War es nicht auch eine deutsche Firma, die mal damit
geworben hatte, ihr Haarspray passe auf jedes Wetter, oder zumindest auf drei
davon? Und wer braucht Stylingprodukte für Hagel? Ich meine, da verhagelt es
dir die aufgestellten Haare doch eh? Und eigentlich bleibt man auch zu Hause,
wenn das
Eis vom Himmel kommt. Übrigens auch bei Smog.

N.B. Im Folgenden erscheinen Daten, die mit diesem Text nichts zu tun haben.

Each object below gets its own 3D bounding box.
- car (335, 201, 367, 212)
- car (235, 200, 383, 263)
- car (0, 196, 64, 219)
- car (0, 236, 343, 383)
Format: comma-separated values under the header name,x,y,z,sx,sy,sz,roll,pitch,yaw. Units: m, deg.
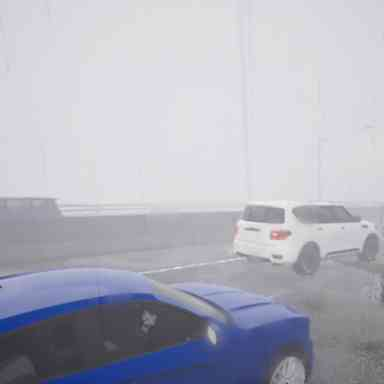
name,x,y,z,sx,sy,sz,roll,pitch,yaw
car,21.101,1.921,44.159,4.181,1.385,1.994,1,0,-34
car,3.853,1.294,10.760,5.566,2.045,2.150,0,0,-35
car,-8.686,1.225,14.986,5.566,2.045,2.150,1,0,-35
car,-0.904,1.483,3.094,5.008,1.535,1.882,0,0,-35
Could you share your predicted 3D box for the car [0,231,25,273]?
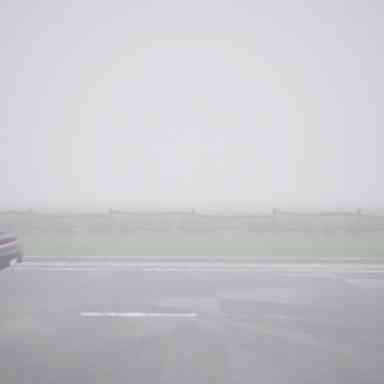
[{"bbox_3d":[-6.690,1.460,8.019,4.902,1.511,2.128,0,0,1],"label":"car"}]
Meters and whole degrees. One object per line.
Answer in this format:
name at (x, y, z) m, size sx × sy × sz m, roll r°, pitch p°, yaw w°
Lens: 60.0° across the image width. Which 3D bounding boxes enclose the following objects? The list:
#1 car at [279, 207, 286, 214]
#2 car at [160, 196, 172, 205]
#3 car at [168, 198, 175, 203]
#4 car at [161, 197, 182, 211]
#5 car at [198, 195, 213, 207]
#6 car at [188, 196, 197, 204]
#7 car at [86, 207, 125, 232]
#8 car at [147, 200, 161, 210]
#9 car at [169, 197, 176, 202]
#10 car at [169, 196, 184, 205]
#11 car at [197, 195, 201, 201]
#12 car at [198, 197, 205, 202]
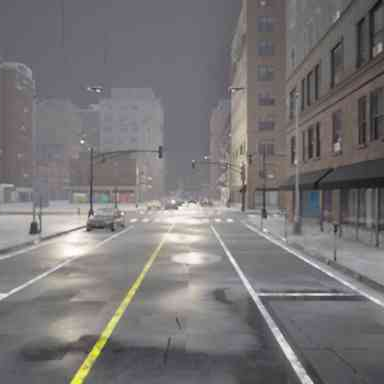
car at (12.173, 1.837, 35.767) m, size 5.357 × 1.411 × 2.033 m, roll 0°, pitch 0°, yaw 0°
car at (-5.385, 1.753, 70.635) m, size 2.192 × 1.841 × 5.009 m, roll 0°, pitch 0°, yaw 0°
car at (-5.385, 2.127, 87.619) m, size 1.802 × 1.307 × 4.206 m, roll 0°, pitch 0°, yaw 0°
car at (-2.832, 1.836, 46.642) m, size 2.033 × 1.411 × 5.357 m, roll 0°, pitch 0°, yaw -1°
car at (2.639, 1.807, 59.309) m, size 1.967 × 1.590 × 4.097 m, roll 0°, pitch 0°, yaw 0°
car at (0.004, 2.063, 75.300) m, size 1.895 × 1.301 × 4.718 m, roll 0°, pitch 0°, yaw 0°
car at (-5.387, 1.681, 21.141) m, size 2.008 × 1.369 × 4.403 m, roll 0°, pitch 0°, yaw 0°
car at (-5.386, 1.821, 47.816) m, size 1.752 × 1.417 × 4.829 m, roll 0°, pitch 0°, yaw 0°
car at (-5.384, 2.105, 93.111) m, size 1.752 × 1.417 × 4.829 m, roll 0°, pitch 0°, yaw 0°
car at (-2.824, 1.890, 58.724) m, size 1.812 × 1.442 × 4.674 m, roll 0°, pitch 0°, yaw 1°
car at (2.640, 1.718, 64.972) m, size 2.192 × 1.841 × 5.009 m, roll 0°, pitch 0°, yaw 0°
car at (2.640, 2.131, 93.280) m, size 2.008 × 1.369 × 4.403 m, roll 0°, pitch 0°, yaw 0°
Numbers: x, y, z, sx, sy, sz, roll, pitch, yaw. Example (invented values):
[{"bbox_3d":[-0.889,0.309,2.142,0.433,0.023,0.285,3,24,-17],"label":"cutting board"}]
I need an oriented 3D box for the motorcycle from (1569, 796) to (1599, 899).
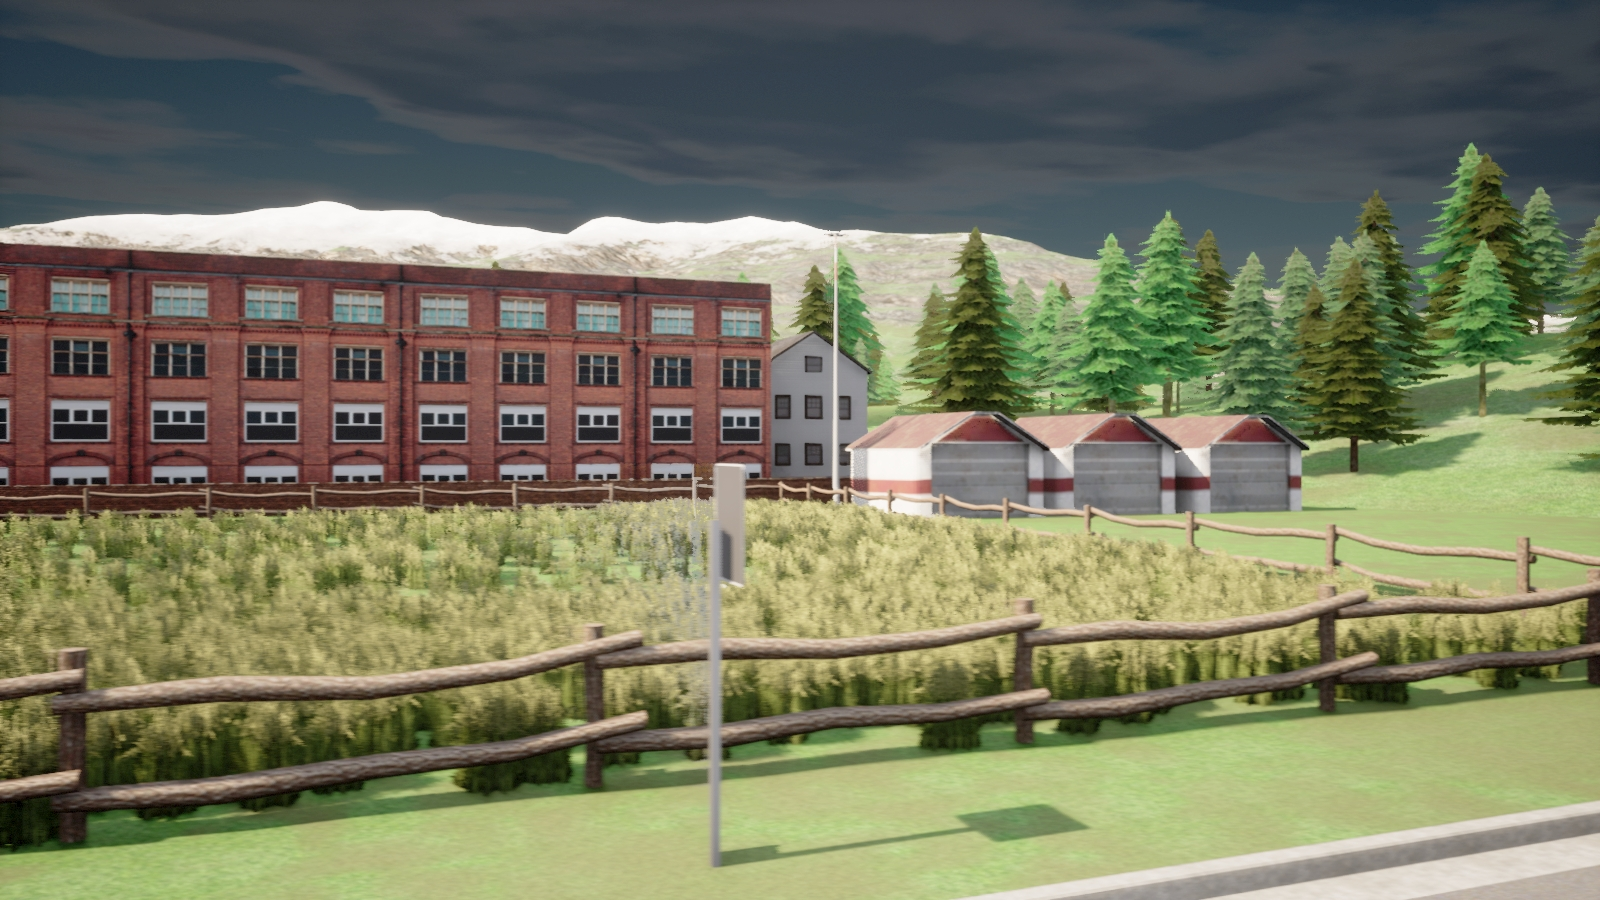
[{"bbox_3d":[4.639,2.201,5.108,2.209,1.251,0.867,0,0,-20],"label":"motorcycle"}]
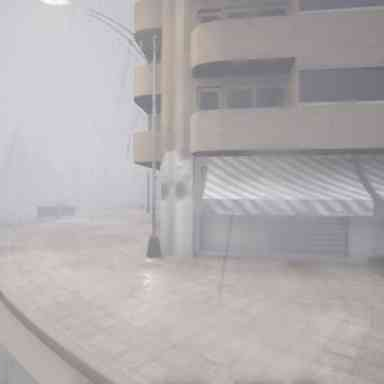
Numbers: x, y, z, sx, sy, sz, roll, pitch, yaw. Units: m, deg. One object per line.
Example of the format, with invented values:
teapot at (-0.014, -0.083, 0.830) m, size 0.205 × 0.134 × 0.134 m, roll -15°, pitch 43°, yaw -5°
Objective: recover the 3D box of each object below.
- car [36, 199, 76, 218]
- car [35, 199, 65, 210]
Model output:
car at (-12.871, 1.661, 31.899) m, size 1.882 × 1.535 × 5.008 m, roll 0°, pitch -1°, yaw 6°
car at (-21.198, 1.821, 49.808) m, size 1.837 × 1.490 × 4.892 m, roll 0°, pitch 0°, yaw 8°

Ich nahm die Flasche Sonnenspray von PELLE PERFETTO®, die
mit Pflaumenextrakt, in die Hand und schaute mal auf den Preis: EU 59,90.-
Der Adonis hatte also rund dreizehnhundert Franken in seinem
Locker, Kästlein, Schrank herumstehen. Gut, seine Hülle WAR perfetto, parfait,
perfekt, aber er war schliesslich auch erst Mitte Zwanzig, er hätte gut als
mein Sohn durchgehen können, da hätte es Mango-, Gingko- und Biberextrakte nämlich
gar nicht gebraucht.
Ich schlappte zurück zu meinen Sachen um endlich meine
Badehose anzuziehen. Die immerhin aus Oberbayern stammt.
Ein bisschen internationales Flair muss ja schon sein.